→ **REQUIRED ACTION**:
The answer must be a single number: how many lines in the entries hold the string "percussion".

→ **RECORDS SHOWN**:
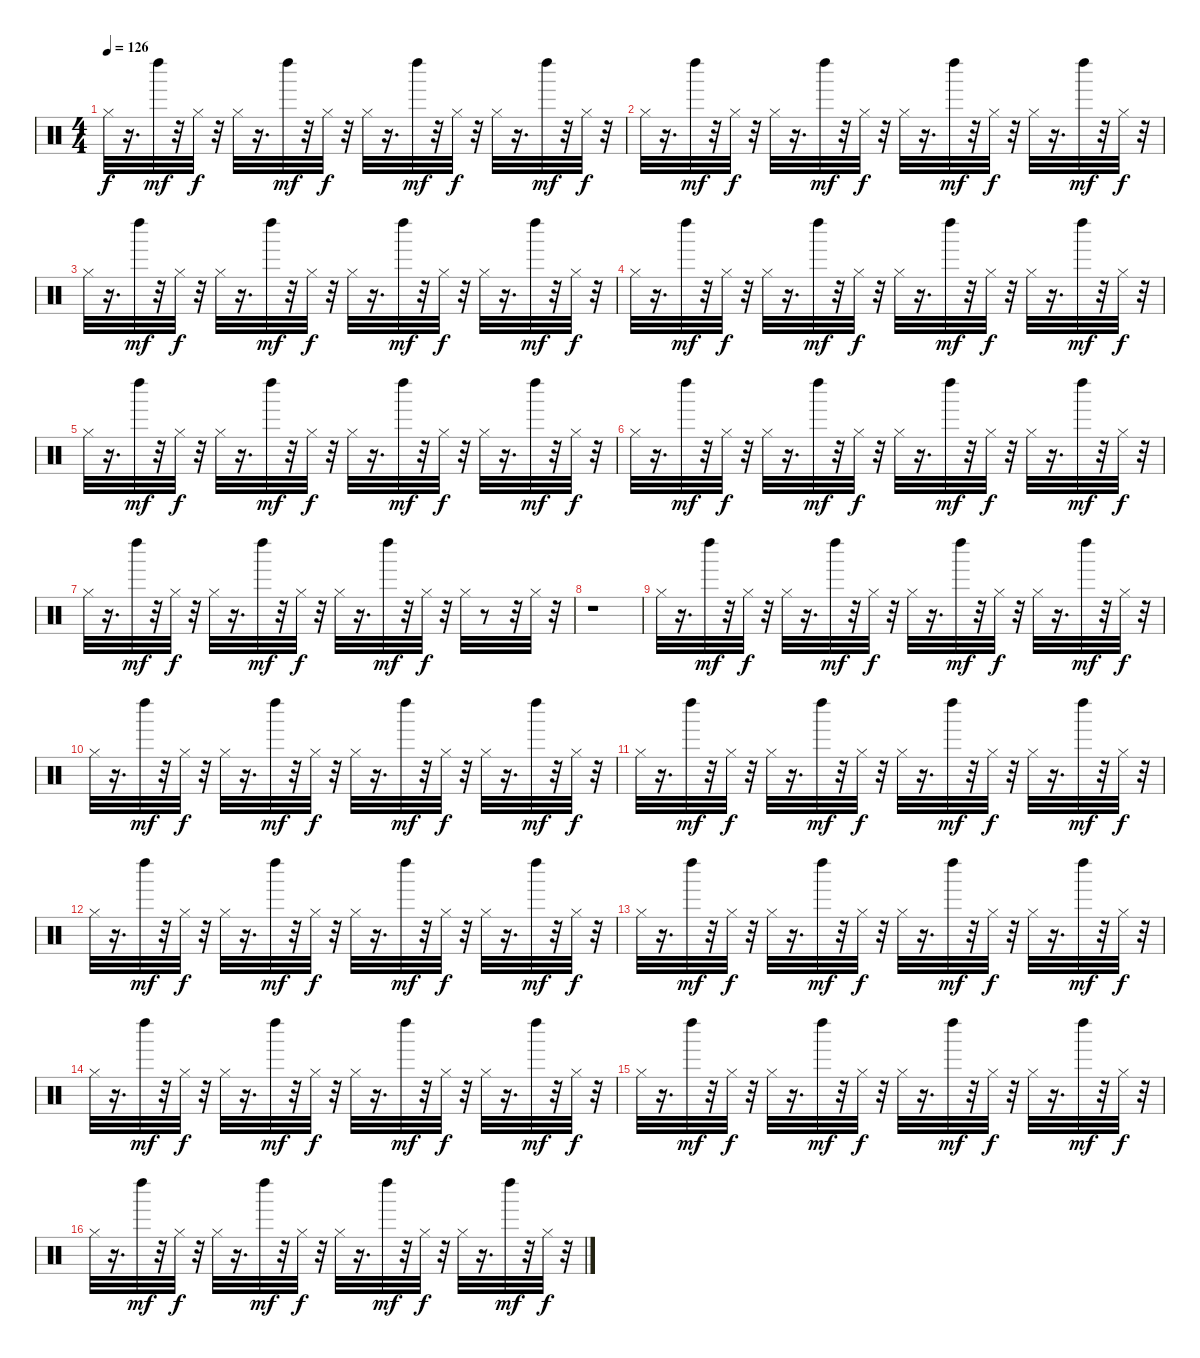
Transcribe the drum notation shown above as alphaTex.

\track "" {instrument percussion}
\staff {score}
\articulation defaults
\ts (4 4)
\tempo 126
\clef neutral
\ks c "Hi-Hat (closed)".32{dy f}
r.16{d} "Left Maraca (hit)".32{dy mf} r.32 "Hi-Hat (closed)".32{dy f} r.32 "Hi-Hat (closed)".32 r.16{d} "Left Maraca (hit)".32{dy mf} r.32 "Hi-Hat (closed)".32{dy f} r.32 "Hi-Hat (closed)".32 r.16{d} "Left Maraca (hit)".32{dy mf} r.32 "Hi-Hat (closed)".32{dy f} r.32 "Hi-Hat (closed)".32 r.16{d} "Left Maraca (hit)".32{dy mf} r.32 "Hi-Hat (closed)".32{dy f} r.32 |
"Hi-Hat (closed)".32 r.16{d} "Left Maraca (hit)".32{dy mf} r.32 "Hi-Hat (closed)".32{dy f} r.32 "Hi-Hat (closed)".32 r.16{d} "Left Maraca (hit)".32{dy mf} r.32 "Hi-Hat (closed)".32{dy f} r.32 "Hi-Hat (closed)".32 r.16{d} "Left Maraca (hit)".32{dy mf} r.32 "Hi-Hat (closed)".32{dy f} r.32 "Hi-Hat (closed)".32 r.16{d} "Left Maraca (hit)".32{dy mf} r.32 "Hi-Hat (closed)".32{dy f} r.32 |
"Hi-Hat (closed)".32 r.16{d} "Left Maraca (hit)".32{dy mf} r.32 "Hi-Hat (closed)".32{dy f} r.32 "Hi-Hat (closed)".32 r.16{d} "Left Maraca (hit)".32{dy mf} r.32 "Hi-Hat (closed)".32{dy f} r.32 "Hi-Hat (closed)".32 r.16{d} "Left Maraca (hit)".32{dy mf} r.32 "Hi-Hat (closed)".32{dy f} r.32 "Hi-Hat (closed)".32 r.16{d} "Left Maraca (hit)".32{dy mf} r.32 "Hi-Hat (closed)".32{dy f} r.32 |
"Hi-Hat (closed)".32 r.16{d} "Left Maraca (hit)".32{dy mf} r.32 "Hi-Hat (closed)".32{dy f} r.32 "Hi-Hat (closed)".32 r.16{d} "Left Maraca (hit)".32{dy mf} r.32 "Hi-Hat (closed)".32{dy f} r.32 "Hi-Hat (closed)".32 r.16{d} "Left Maraca (hit)".32{dy mf} r.32 "Hi-Hat (closed)".32{dy f} r.32 "Hi-Hat (closed)".32 r.16{d} "Left Maraca (hit)".32{dy mf} r.32 "Hi-Hat (closed)".32{dy f} r.32 |
"Hi-Hat (closed)".32 r.16{d} "Left Maraca (hit)".32{dy mf} r.32 "Hi-Hat (closed)".32{dy f} r.32 "Hi-Hat (closed)".32 r.16{d} "Left Maraca (hit)".32{dy mf} r.32 "Hi-Hat (closed)".32{dy f} r.32 "Hi-Hat (closed)".32 r.16{d} "Left Maraca (hit)".32{dy mf} r.32 "Hi-Hat (closed)".32{dy f} r.32 "Hi-Hat (closed)".32 r.16{d} "Left Maraca (hit)".32{dy mf} r.32 "Hi-Hat (closed)".32{dy f} r.32 |
"Hi-Hat (closed)".32 r.16{d} "Left Maraca (hit)".32{dy mf} r.32 "Hi-Hat (closed)".32{dy f} r.32 "Hi-Hat (closed)".32 r.16{d} "Left Maraca (hit)".32{dy mf} r.32 "Hi-Hat (closed)".32{dy f} r.32 "Hi-Hat (closed)".32 r.16{d} "Left Maraca (hit)".32{dy mf} r.32 "Hi-Hat (closed)".32{dy f} r.32 "Hi-Hat (closed)".32 r.16{d} "Left Maraca (hit)".32{dy mf} r.32 "Hi-Hat (closed)".32{dy f} r.32 |
"Hi-Hat (closed)".32 r.16{d} "Left Maraca (hit)".32{dy mf} r.32 "Hi-Hat (closed)".32{dy f} r.32 "Hi-Hat (closed)".32 r.16{d} "Left Maraca (hit)".32{dy mf} r.32 "Hi-Hat (closed)".32{dy f} r.32 "Hi-Hat (closed)".32 r.16{d} "Left Maraca (hit)".32{dy mf} r.32 "Hi-Hat (closed)".32{dy f} r.32 "Hi-Hat (closed)".32 r.8 r.32 "Hi-Hat (closed)".32 r.32 |
r.1 |
"Hi-Hat (closed)".32 r.16{d} "Left Maraca (hit)".32{dy mf} r.32 "Hi-Hat (closed)".32{dy f} r.32 "Hi-Hat (closed)".32 r.16{d} "Left Maraca (hit)".32{dy mf} r.32 "Hi-Hat (closed)".32{dy f} r.32 "Hi-Hat (closed)".32 r.16{d} "Left Maraca (hit)".32{dy mf} r.32 "Hi-Hat (closed)".32{dy f} r.32 "Hi-Hat (closed)".32 r.16{d} "Left Maraca (hit)".32{dy mf} r.32 "Hi-Hat (closed)".32{dy f} r.32 |
"Hi-Hat (closed)".32 r.16{d} "Left Maraca (hit)".32{dy mf} r.32 "Hi-Hat (closed)".32{dy f} r.32 "Hi-Hat (closed)".32 r.16{d} "Left Maraca (hit)".32{dy mf} r.32 "Hi-Hat (closed)".32{dy f} r.32 "Hi-Hat (closed)".32 r.16{d} "Left Maraca (hit)".32{dy mf} r.32 "Hi-Hat (closed)".32{dy f} r.32 "Hi-Hat (closed)".32 r.16{d} "Left Maraca (hit)".32{dy mf} r.32 "Hi-Hat (closed)".32{dy f} r.32 |
"Hi-Hat (closed)".32 r.16{d} "Left Maraca (hit)".32{dy mf} r.32 "Hi-Hat (closed)".32{dy f} r.32 "Hi-Hat (closed)".32 r.16{d} "Left Maraca (hit)".32{dy mf} r.32 "Hi-Hat (closed)".32{dy f} r.32 "Hi-Hat (closed)".32 r.16{d} "Left Maraca (hit)".32{dy mf} r.32 "Hi-Hat (closed)".32{dy f} r.32 "Hi-Hat (closed)".32 r.16{d} "Left Maraca (hit)".32{dy mf} r.32 "Hi-Hat (closed)".32{dy f} r.32 |
"Hi-Hat (closed)".32 r.16{d} "Left Maraca (hit)".32{dy mf} r.32 "Hi-Hat (closed)".32{dy f} r.32 "Hi-Hat (closed)".32 r.16{d} "Left Maraca (hit)".32{dy mf} r.32 "Hi-Hat (closed)".32{dy f} r.32 "Hi-Hat (closed)".32 r.16{d} "Left Maraca (hit)".32{dy mf} r.32 "Hi-Hat (closed)".32{dy f} r.32 "Hi-Hat (closed)".32 r.16{d} "Left Maraca (hit)".32{dy mf} r.32 "Hi-Hat (closed)".32{dy f} r.32 |
"Hi-Hat (closed)".32 r.16{d} "Left Maraca (hit)".32{dy mf} r.32 "Hi-Hat (closed)".32{dy f} r.32 "Hi-Hat (closed)".32 r.16{d} "Left Maraca (hit)".32{dy mf} r.32 "Hi-Hat (closed)".32{dy f} r.32 "Hi-Hat (closed)".32 r.16{d} "Left Maraca (hit)".32{dy mf} r.32 "Hi-Hat (closed)".32{dy f} r.32 "Hi-Hat (closed)".32 r.16{d} "Left Maraca (hit)".32{dy mf} r.32 "Hi-Hat (closed)".32{dy f} r.32 |
"Hi-Hat (closed)".32 r.16{d} "Left Maraca (hit)".32{dy mf} r.32 "Hi-Hat (closed)".32{dy f} r.32 "Hi-Hat (closed)".32 r.16{d} "Left Maraca (hit)".32{dy mf} r.32 "Hi-Hat (closed)".32{dy f} r.32 "Hi-Hat (closed)".32 r.16{d} "Left Maraca (hit)".32{dy mf} r.32 "Hi-Hat (closed)".32{dy f} r.32 "Hi-Hat (closed)".32 r.16{d} "Left Maraca (hit)".32{dy mf} r.32 "Hi-Hat (closed)".32{dy f} r.32 |
"Hi-Hat (closed)".32 r.16{d} "Left Maraca (hit)".32{dy mf} r.32 "Hi-Hat (closed)".32{dy f} r.32 "Hi-Hat (closed)".32 r.16{d} "Left Maraca (hit)".32{dy mf} r.32 "Hi-Hat (closed)".32{dy f} r.32 "Hi-Hat (closed)".32 r.16{d} "Left Maraca (hit)".32{dy mf} r.32 "Hi-Hat (closed)".32{dy f} r.32 "Hi-Hat (closed)".32 r.16{d} "Left Maraca (hit)".32{dy mf} r.32 "Hi-Hat (closed)".32{dy f} r.32 |
"Hi-Hat (closed)".32 r.16{d} "Left Maraca (hit)".32{dy mf} r.32 "Hi-Hat (closed)".32{dy f} r.32 "Hi-Hat (closed)".32 r.16{d} "Left Maraca (hit)".32{dy mf} r.32 "Hi-Hat (closed)".32{dy f} r.32 "Hi-Hat (closed)".32 r.16{d} "Left Maraca (hit)".32{dy mf} r.32 "Hi-Hat (closed)".32{dy f} r.32 "Hi-Hat (closed)".32 r.16{d} "Left Maraca (hit)".32{dy mf} r.32 "Hi-Hat (closed)".32{dy f} r.32
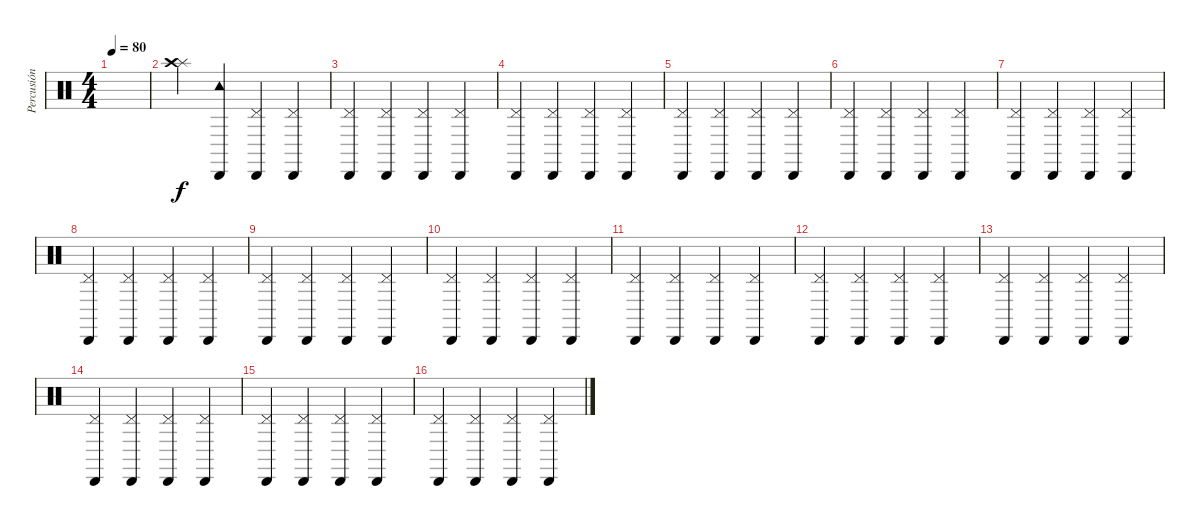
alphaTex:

\track ("Percusión" "Percusión") {instrument percussion}
\staff {score}
\articulation defaults
\ts (4 4)
\tempo 80
\clef neutral
\ks c
|
("Splash (hit)" "Crash high (hit)").4 ("Cabasa (hit)" "Tambourine (hit)").4 ("Cabasa (hit)" "Pedal Hi-Hat (hit)").4 ("Cabasa (hit)" "Pedal Hi-Hat (hit)").4 |
("Cabasa (hit)" "Pedal Hi-Hat (hit)").4 ("Cabasa (hit)" "Pedal Hi-Hat (hit)").4 ("Cabasa (hit)" "Pedal Hi-Hat (hit)").4 ("Cabasa (hit)" "Pedal Hi-Hat (hit)").4 |
("Cabasa (hit)" "Pedal Hi-Hat (hit)").4 ("Cabasa (hit)" "Pedal Hi-Hat (hit)").4 ("Cabasa (hit)" "Pedal Hi-Hat (hit)").4 ("Cabasa (hit)" "Pedal Hi-Hat (hit)").4 |
("Cabasa (hit)" "Pedal Hi-Hat (hit)").4 ("Cabasa (hit)" "Pedal Hi-Hat (hit)").4 ("Cabasa (hit)" "Pedal Hi-Hat (hit)").4 ("Cabasa (hit)" "Pedal Hi-Hat (hit)").4 |
("Cabasa (hit)" "Pedal Hi-Hat (hit)").4 ("Cabasa (hit)" "Pedal Hi-Hat (hit)").4 ("Cabasa (hit)" "Pedal Hi-Hat (hit)").4 ("Cabasa (hit)" "Pedal Hi-Hat (hit)").4 |
("Cabasa (hit)" "Pedal Hi-Hat (hit)").4 ("Cabasa (hit)" "Pedal Hi-Hat (hit)").4 ("Cabasa (hit)" "Pedal Hi-Hat (hit)").4 ("Cabasa (hit)" "Pedal Hi-Hat (hit)").4 |
("Cabasa (hit)" "Pedal Hi-Hat (hit)").4 ("Cabasa (hit)" "Pedal Hi-Hat (hit)").4 ("Cabasa (hit)" "Pedal Hi-Hat (hit)").4 ("Cabasa (hit)" "Pedal Hi-Hat (hit)").4 |
("Cabasa (hit)" "Pedal Hi-Hat (hit)").4 ("Cabasa (hit)" "Pedal Hi-Hat (hit)").4 ("Cabasa (hit)" "Pedal Hi-Hat (hit)").4 ("Cabasa (hit)" "Pedal Hi-Hat (hit)").4 |
("Cabasa (hit)" "Pedal Hi-Hat (hit)").4 ("Cabasa (hit)" "Pedal Hi-Hat (hit)").4 ("Cabasa (hit)" "Pedal Hi-Hat (hit)").4 ("Cabasa (hit)" "Pedal Hi-Hat (hit)").4 |
("Cabasa (hit)" "Pedal Hi-Hat (hit)").4 ("Cabasa (hit)" "Pedal Hi-Hat (hit)").4 ("Cabasa (hit)" "Pedal Hi-Hat (hit)").4 ("Cabasa (hit)" "Pedal Hi-Hat (hit)").4 |
("Cabasa (hit)" "Pedal Hi-Hat (hit)").4 ("Cabasa (hit)" "Pedal Hi-Hat (hit)").4 ("Cabasa (hit)" "Pedal Hi-Hat (hit)").4 ("Cabasa (hit)" "Pedal Hi-Hat (hit)").4 |
("Cabasa (hit)" "Pedal Hi-Hat (hit)").4 ("Cabasa (hit)" "Pedal Hi-Hat (hit)").4 ("Cabasa (hit)" "Pedal Hi-Hat (hit)").4 ("Cabasa (hit)" "Pedal Hi-Hat (hit)").4 |
("Cabasa (hit)" "Pedal Hi-Hat (hit)").4 ("Cabasa (hit)" "Pedal Hi-Hat (hit)").4 ("Cabasa (hit)" "Pedal Hi-Hat (hit)").4 ("Cabasa (hit)" "Pedal Hi-Hat (hit)").4 |
("Cabasa (hit)" "Pedal Hi-Hat (hit)").4 ("Cabasa (hit)" "Pedal Hi-Hat (hit)").4 ("Cabasa (hit)" "Pedal Hi-Hat (hit)").4 ("Cabasa (hit)" "Pedal Hi-Hat (hit)").4 |
("Cabasa (hit)" "Pedal Hi-Hat (hit)").4 ("Cabasa (hit)" "Pedal Hi-Hat (hit)").4 ("Cabasa (hit)" "Pedal Hi-Hat (hit)").4 ("Cabasa (hit)" "Pedal Hi-Hat (hit)").4

→ **EXERCISE SOLUTION**:
2